Trocar de transportadora sem renegociar a atual. Antes de migrar contrato, leve cotação concorrente para a transportadora atual. Em muitos casos, ela melhora as condições para manter o cliente — economia sem o custo da troca.
Achar que estoque alto é sinal de saúde. Galpão cheio dá sensação de prosperidade. Costuma ser o oposto: capital de giro engessado em produto que não está vendendo no ritmo esperado.

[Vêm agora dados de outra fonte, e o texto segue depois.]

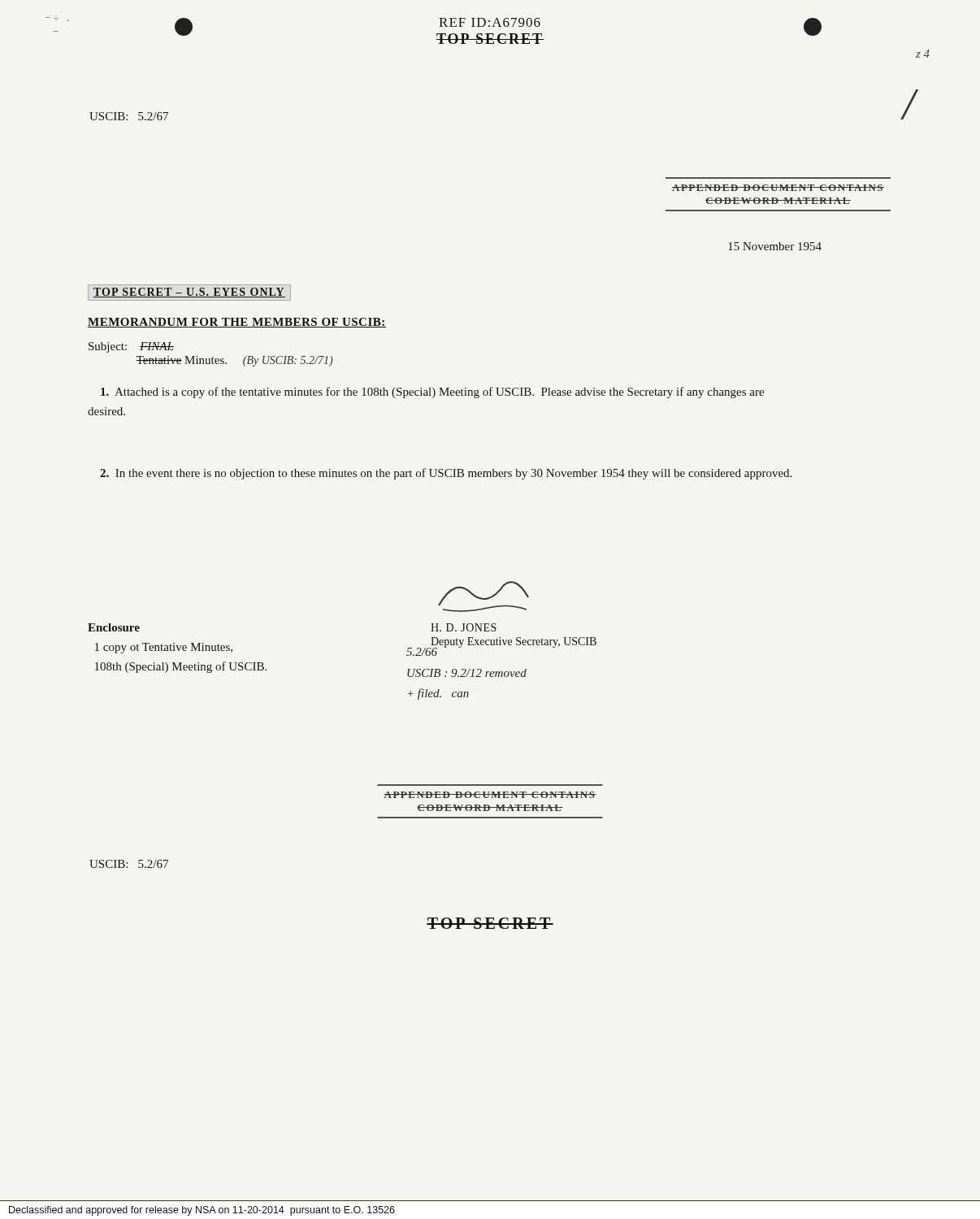Find the text block that reads "2/66 USCIB : 9.2/12"
This screenshot has height=1219, width=980.
(x=466, y=672)
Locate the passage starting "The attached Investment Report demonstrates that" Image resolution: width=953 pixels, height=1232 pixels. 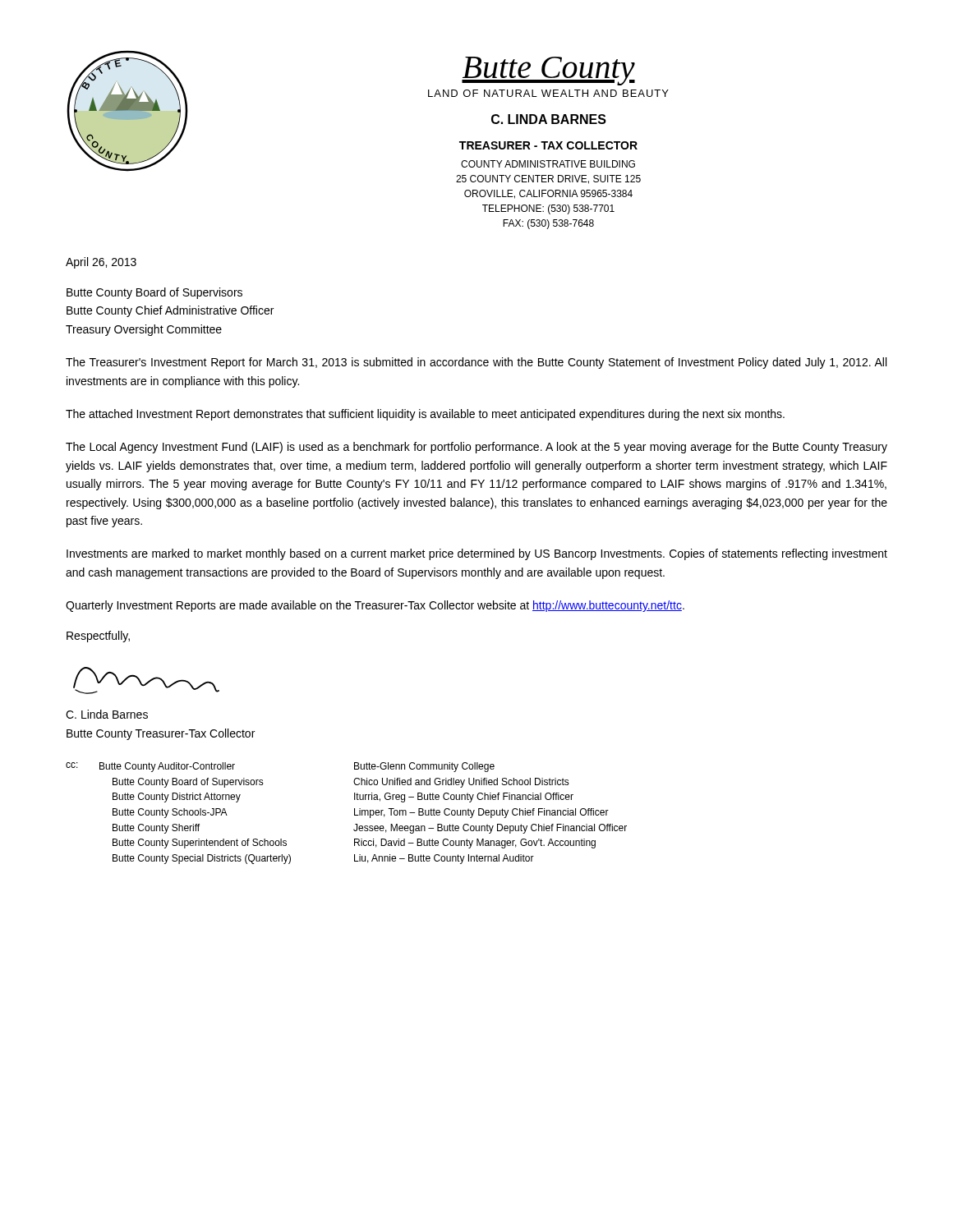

Cortar frete sem cortar embalagem. Logística é cadeia. Reduzir custo de frete e deixar a embalagem cara não muda a margem total. Olhe a cadeia inteira, não item por item.
Terceirizar pelo discurso, não pela conta. "Terceirizar é mais barato" só é verdade quando os números mostram. Operador logístico cobra setup, contrato mínimo e taxa por movimentação. Faça a conta para os 12 meses, não para o primeiro.
Ignorar o OTIF. Sem medir entrega no prazo e completa, você não sabe se a operação está melhorando ou piorando. OTIF é o indicador mais simples e o mais ignorado em PME.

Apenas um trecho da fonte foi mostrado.